▶ **Directions for this task**
From the line containing "euler=(8, 32, -11))" to the end of the listing, write out every line exactly; leave out everything else.

◆ ◆ ◆ ◆ ◆ ◆ ◆

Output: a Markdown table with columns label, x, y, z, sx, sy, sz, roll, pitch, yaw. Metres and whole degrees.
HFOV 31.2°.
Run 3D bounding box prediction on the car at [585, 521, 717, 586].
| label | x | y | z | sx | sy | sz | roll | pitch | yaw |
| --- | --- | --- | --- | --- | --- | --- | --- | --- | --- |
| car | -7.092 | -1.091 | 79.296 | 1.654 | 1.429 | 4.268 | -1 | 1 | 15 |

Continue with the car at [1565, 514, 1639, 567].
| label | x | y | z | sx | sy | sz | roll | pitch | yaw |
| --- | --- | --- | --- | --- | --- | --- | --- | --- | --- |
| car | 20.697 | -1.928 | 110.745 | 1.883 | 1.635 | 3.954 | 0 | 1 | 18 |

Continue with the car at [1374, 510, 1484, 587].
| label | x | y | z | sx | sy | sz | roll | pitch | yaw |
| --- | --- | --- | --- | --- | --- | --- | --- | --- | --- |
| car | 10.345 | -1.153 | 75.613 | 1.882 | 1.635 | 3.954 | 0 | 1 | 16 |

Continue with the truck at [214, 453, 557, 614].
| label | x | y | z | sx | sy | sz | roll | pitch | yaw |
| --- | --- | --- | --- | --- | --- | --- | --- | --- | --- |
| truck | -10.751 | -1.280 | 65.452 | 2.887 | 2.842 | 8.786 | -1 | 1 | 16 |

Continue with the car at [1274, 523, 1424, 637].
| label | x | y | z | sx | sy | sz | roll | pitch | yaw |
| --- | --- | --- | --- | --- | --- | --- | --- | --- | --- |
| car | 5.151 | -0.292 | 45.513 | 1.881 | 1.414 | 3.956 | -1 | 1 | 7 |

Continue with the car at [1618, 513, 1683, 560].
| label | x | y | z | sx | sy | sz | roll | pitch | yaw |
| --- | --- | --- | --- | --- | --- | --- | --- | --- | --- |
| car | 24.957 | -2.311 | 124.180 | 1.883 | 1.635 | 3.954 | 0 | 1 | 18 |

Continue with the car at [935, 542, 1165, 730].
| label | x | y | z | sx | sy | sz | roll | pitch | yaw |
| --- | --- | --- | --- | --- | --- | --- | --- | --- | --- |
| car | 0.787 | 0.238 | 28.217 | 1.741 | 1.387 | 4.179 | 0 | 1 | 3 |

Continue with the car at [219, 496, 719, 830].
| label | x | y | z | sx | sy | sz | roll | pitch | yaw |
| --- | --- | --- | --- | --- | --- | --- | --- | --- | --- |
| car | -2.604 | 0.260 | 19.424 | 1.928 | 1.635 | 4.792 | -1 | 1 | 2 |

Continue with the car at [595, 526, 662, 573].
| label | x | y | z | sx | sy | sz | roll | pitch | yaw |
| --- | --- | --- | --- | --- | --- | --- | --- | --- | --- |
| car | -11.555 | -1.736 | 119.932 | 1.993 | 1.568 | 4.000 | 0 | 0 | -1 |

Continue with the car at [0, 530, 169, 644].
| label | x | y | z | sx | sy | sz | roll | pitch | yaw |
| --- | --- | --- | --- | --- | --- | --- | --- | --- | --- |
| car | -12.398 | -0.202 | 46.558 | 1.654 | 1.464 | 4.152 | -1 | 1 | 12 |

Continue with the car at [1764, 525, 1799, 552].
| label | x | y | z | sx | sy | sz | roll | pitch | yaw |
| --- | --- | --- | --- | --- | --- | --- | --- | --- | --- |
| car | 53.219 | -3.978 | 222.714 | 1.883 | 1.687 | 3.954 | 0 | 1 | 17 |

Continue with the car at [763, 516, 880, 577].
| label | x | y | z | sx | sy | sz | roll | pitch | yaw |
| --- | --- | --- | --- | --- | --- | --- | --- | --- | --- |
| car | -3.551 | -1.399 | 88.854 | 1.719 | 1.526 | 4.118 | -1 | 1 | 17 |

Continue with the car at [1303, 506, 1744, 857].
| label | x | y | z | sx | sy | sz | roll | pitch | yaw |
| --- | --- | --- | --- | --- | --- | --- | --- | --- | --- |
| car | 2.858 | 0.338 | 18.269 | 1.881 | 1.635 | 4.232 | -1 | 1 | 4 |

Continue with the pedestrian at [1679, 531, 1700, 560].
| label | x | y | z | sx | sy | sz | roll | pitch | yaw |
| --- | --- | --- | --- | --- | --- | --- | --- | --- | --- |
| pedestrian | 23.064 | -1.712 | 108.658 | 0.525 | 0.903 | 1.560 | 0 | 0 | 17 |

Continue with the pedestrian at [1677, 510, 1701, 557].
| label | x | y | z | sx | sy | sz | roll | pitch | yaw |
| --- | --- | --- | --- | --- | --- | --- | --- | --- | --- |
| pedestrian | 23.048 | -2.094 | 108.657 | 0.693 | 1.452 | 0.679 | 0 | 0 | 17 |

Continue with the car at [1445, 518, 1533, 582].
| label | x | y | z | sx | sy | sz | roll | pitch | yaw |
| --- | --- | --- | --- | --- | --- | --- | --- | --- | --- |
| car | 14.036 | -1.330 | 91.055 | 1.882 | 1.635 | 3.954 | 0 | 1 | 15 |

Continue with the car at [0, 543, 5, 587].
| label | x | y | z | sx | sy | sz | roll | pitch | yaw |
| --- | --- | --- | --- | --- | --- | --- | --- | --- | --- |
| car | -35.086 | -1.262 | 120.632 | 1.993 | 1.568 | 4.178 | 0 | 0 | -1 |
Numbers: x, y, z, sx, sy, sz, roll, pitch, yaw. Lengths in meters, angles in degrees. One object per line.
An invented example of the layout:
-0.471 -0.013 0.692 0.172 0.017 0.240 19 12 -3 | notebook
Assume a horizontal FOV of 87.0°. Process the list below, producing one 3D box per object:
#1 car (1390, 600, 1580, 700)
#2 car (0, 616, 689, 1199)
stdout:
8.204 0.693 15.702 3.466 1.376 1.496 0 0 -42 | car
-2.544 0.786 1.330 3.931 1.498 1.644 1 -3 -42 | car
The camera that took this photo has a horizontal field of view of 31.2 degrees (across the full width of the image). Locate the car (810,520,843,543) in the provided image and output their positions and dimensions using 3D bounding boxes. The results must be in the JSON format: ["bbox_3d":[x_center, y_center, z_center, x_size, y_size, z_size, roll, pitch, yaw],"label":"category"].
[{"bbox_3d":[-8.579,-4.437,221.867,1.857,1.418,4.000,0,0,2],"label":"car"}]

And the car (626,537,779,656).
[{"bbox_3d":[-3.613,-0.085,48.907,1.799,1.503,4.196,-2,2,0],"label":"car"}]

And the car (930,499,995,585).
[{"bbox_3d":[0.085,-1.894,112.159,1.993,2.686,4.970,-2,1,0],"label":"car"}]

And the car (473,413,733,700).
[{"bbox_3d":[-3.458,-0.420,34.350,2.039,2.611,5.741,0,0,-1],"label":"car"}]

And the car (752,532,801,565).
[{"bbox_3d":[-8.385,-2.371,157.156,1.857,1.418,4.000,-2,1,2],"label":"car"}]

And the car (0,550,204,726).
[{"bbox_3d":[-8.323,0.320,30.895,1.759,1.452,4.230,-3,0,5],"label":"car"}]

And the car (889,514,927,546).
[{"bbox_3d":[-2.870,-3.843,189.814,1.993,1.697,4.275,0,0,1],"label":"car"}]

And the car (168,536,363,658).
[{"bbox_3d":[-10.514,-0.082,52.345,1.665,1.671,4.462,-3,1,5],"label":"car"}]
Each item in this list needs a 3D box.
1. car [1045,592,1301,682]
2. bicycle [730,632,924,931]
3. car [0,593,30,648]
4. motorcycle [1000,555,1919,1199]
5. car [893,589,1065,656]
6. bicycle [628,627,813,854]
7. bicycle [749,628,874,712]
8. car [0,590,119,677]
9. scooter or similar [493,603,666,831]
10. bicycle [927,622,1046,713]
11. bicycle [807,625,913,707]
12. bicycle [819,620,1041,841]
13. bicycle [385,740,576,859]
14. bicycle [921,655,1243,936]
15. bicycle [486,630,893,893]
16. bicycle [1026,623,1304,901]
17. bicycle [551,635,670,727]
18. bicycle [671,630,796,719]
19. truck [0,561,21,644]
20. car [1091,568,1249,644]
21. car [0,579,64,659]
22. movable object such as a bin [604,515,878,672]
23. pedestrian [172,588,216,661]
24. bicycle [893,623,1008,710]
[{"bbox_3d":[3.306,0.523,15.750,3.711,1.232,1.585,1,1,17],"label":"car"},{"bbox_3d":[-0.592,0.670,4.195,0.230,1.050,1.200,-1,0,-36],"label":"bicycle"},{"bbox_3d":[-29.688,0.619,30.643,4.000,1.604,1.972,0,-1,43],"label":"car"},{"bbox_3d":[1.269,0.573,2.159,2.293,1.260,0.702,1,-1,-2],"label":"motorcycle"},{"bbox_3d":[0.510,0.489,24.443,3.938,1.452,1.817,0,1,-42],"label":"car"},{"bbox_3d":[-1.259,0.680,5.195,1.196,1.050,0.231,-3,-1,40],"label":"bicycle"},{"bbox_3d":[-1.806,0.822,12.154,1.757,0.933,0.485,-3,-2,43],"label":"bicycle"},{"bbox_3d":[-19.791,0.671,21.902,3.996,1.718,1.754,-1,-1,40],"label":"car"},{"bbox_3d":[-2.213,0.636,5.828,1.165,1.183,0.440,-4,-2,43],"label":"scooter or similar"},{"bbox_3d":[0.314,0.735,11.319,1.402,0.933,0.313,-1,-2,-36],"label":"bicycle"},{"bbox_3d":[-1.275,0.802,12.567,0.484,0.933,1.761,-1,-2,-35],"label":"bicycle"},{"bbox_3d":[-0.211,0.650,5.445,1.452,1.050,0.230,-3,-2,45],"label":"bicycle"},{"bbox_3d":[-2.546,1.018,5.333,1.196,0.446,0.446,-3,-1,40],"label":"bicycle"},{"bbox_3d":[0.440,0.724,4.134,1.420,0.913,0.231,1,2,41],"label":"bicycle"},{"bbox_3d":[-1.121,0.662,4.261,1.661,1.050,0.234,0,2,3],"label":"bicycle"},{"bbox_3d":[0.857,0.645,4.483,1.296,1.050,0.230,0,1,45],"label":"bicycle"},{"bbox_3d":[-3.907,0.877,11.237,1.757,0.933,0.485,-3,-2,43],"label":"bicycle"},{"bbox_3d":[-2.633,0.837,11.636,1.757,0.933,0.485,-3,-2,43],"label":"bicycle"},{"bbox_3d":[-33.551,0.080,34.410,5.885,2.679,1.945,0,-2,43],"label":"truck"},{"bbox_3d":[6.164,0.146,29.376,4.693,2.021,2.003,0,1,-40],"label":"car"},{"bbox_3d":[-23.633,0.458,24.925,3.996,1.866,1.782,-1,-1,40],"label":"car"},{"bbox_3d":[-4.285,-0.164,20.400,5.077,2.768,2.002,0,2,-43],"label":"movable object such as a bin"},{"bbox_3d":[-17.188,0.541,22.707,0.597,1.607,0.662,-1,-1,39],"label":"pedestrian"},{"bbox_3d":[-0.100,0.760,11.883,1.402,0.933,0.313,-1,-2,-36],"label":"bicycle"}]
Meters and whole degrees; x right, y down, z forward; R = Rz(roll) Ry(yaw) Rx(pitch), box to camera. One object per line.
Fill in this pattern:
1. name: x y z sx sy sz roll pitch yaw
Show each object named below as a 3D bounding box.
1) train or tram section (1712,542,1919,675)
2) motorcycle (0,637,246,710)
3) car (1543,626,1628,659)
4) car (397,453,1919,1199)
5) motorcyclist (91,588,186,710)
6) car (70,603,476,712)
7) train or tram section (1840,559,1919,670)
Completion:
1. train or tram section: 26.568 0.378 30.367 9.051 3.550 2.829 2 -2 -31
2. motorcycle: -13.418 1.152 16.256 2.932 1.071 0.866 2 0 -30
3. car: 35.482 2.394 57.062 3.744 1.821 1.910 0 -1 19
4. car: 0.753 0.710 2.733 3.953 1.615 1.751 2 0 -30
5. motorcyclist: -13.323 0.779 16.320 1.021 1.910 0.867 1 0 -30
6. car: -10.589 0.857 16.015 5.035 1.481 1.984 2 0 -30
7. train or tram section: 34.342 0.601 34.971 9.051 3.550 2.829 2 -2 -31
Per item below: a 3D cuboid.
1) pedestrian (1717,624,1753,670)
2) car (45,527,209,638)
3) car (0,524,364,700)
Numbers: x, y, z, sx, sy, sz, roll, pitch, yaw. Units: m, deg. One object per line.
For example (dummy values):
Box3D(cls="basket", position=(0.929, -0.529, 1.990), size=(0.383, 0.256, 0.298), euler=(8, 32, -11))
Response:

◆ ◆ ◆ ◆ ◆ ◆ ◆

▶ **Reply to the exercise**
Box3D(cls="basket", position=(0.929, -0.529, 1.990), size=(0.383, 0.256, 0.298), euler=(8, 32, -11))
Response:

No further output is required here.